Such other expenses to be incurred in the operation of the Fund and to be borne
by the Fund, include, but are not limited to: taxes; interest; brokerage fees
and commissions; salaries and fees of officers and directors who are not
officers, directors, shareholders or employees of Unified, or the Fund's
investment adviser or distributor; SEC and state Blue Sky registration and
qualification fees, levies, fines and other charges; advisory fees; charges and
expenses of custodians; insurance premiums including fidelity bond premiums;
auditing and legal expenses; costs of maintenance of corporate existence;
expenses of typesetting and printing of prospectuses and for distribution to
current shareholders of the Fund; expenses of printing and production cost of
shareholders' reports and proxy statements and materials; costs and expense of
Fund stationery and forms; costs and expenses of special telephone and data
lines and devices; costs associated with corporate, shareholder, and Board
meetings; and any extraordinary expenses and other customary Fund expenses. In
addition, Unified may utilize one or more independent pricing services, approved
from time to time by the Board, to obtain securities prices and to act
as backup to the primary pricing services, in connection with determining the
net asset values of the Fund, and the Fund will reimburse Unified for the Fund's
share of the cost of such services based upon the actual usage, or a pro-rata
estimate of the use, of the services for the benefit of the Fund.
(e) The Fund or Avalon may request additional services, additional
processing, or special reports. Such requests may be provided by Unified at
additional charges. In this event, the Fund shall submit such requests in
writing together with such specifications as may be reasonably required by
Unified, and Unified shall respond to such requests in the form of a price
quotation. The Fund's written acceptance of the quotation must be received prior
to implementation of such request. Additional services will be charged at
Unified's standard rates.
(f) All fees, out-of-pocket expenses, or additional charges of Unified
shall be billed on a monthly basis and shall be due and payable upon receipt of
the invoice.
Unified will render, after the close of each month in which services have been
furnished, a statement reflecting all of the charges for such month. Charges
remaining unpaid after thirty (30) days shall bear interest in finance charges
equivalent to, in the aggregate, the Prime Rate (as publicly announced by
Firstar Bank, N.A., from time to time) plus 2.00% per year and all costs and
expenses of effecting collection of any such sums, including reasonable
attorney's fees, shall be paid by the Fund to Unified.
In the event that Avalon is more than sixty (60) days delinquent in its payments
of monthly xxxxxxxx in connection with this Agreement (with the exception of
specific amounts which may be contested in good faith by Avalon or the Fund),
this Agreement may be terminated upon thirty (30) days' written notice to the
Fund by Unified.

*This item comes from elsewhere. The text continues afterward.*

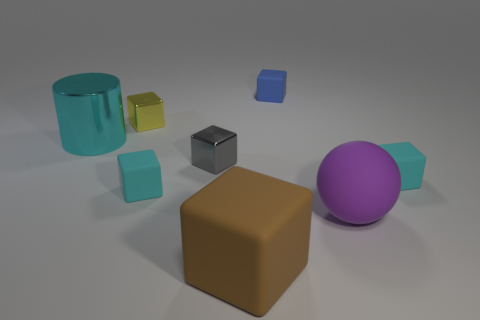Subtract all yellow blocks. How many blocks are left? 5 Subtract all brown blocks. How many blocks are left? 5 Subtract all purple cubes. Subtract all blue spheres. How many cubes are left? 6 Add 2 purple cylinders. How many objects exist? 10 Subtract all blocks. How many objects are left? 2 Add 1 brown objects. How many brown objects exist? 2 Subtract 0 gray spheres. How many objects are left? 8 Subtract all big brown rubber things. Subtract all yellow things. How many objects are left? 6 Add 4 small yellow cubes. How many small yellow cubes are left? 5

The Fund or Avalon must notify Unified in writing of any
contested amounts within thirty (30) days of receipt of a billing for such
amounts. Disputed amounts are not due and payable while they are being
investigated.
SECTION 7. Proprietary and Confidential Information. Unified agrees on
behalf of itself and its employees to treat confidentially and as proprietary
information of the Fund, all records and other information relative to the
Fund's prior, present or potential shareholders, and to not use such records and
information for any purpose other than performance of Unified's responsibilities
and duties hereunder. Unified may seek a waiver of such confidentiality
provisions by furnishing reasonable prior notice to the Fund and obtaining
approval in writing from the Fund, which approval shall not be unreasonably
withheld and may not be withheld where the service agent may be exposed to civil
or criminal contempt proceedings for failure to comply, when requested to
divulge such information by duly constituted authorities. Waivers of
confidentiality are automatically effective without further action by Unified
with respect to Internal Revenue Service levies, subpoenas and similar actions,
or with respect to any request by the Fund.

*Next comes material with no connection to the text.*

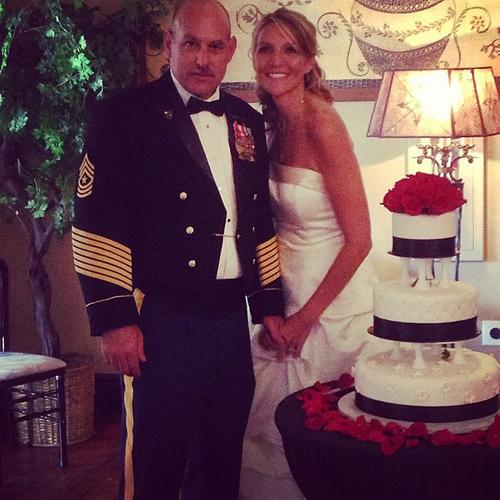Mention the distinctive feature of the groom's attire in the picture. The groom is wearing a military uniform with small silver buttons and a black bow tie. State the color and general appearance of the depicted wedding cake. The wedding cake is a three-tiered, white and navy cake with black trimming and red flowers on top. How would you describe the flooring in the image? The flooring appears to be dark wooden board. Compare the given subjects in the image: woman and the cake. The woman is wearing a strapless wedding dress, and the cake is a three-tiered black and white wedding cake with roses on top. Comment on the lighting fixture visible in the background of the image. There is a brightly lit decorative lamp with a light brown shade, mounted on the wall. Identify the two objects closest to the basket with fake tree in the picture. A black-legged chair and a table with red rose petals on the black tablecloth. Briefly describe the scene in the image related to the couple. The bride and groom are holding hands, with the bride wearing a strapless wedding dress and the groom wearing a military uniform. Which objects in the image involve hands? The bride and groom are holding hands, and there is another image of two hands being held. List the three main items on the table in the image. The red rose petals, a white and black wedding cake, and a basket containing a fake tree. What is the main object on the table in the picture? A three-tiered white and black wedding cake with red rose petals around it.

SECTION 8. Duties, Responsibilities and Limitations of Liability.
(a) In the performance of its duties hereunder, Unified shall be obligated
to exercise due care and diligence, and to act in good faith in performing the
services provided for under this Agreement. In performing its services
hereunder, Unified shall be entitled to rely on any oral or written
instructions, notices or other communications from the Fund, Avalon and its
custodian, officers and Directors, investors, agents and other service providers
which Unified reasonably believes to be genuine, valid and authorized. Unified
shall also be entitled to consult with and rely on the advice and opinions of
outside legal counsel retained by the Fund, as necessary or appropriate.
(b) Unified shall not be liable for any error of judgment or mistake of law
or for any loss or expense suffered by the Fund, in connection with the matters
to which this Agreement relates, except for a loss or
expense solely caused by or resulting from willful misfeasance, bad faith or
negligence on Unified's part in the performance of its duties or from reckless
disregard by Unified of its obligations and duties under this Agreement. Any
person, even though also an officer, director, partner, employee or agent of
Unified, who may be or become an officer, director, partner, employee or agent
of the Fund, shall be deemed when rendering services to the Fund or acting on
any business of the Fund (other than services or business in connection with
Unified's duties hereunder) to be rendering such services to or acting solely
for the Fund and not as an officer, director, partner, employee or agent or
person under the control or direction of Unified even though paid by Unified.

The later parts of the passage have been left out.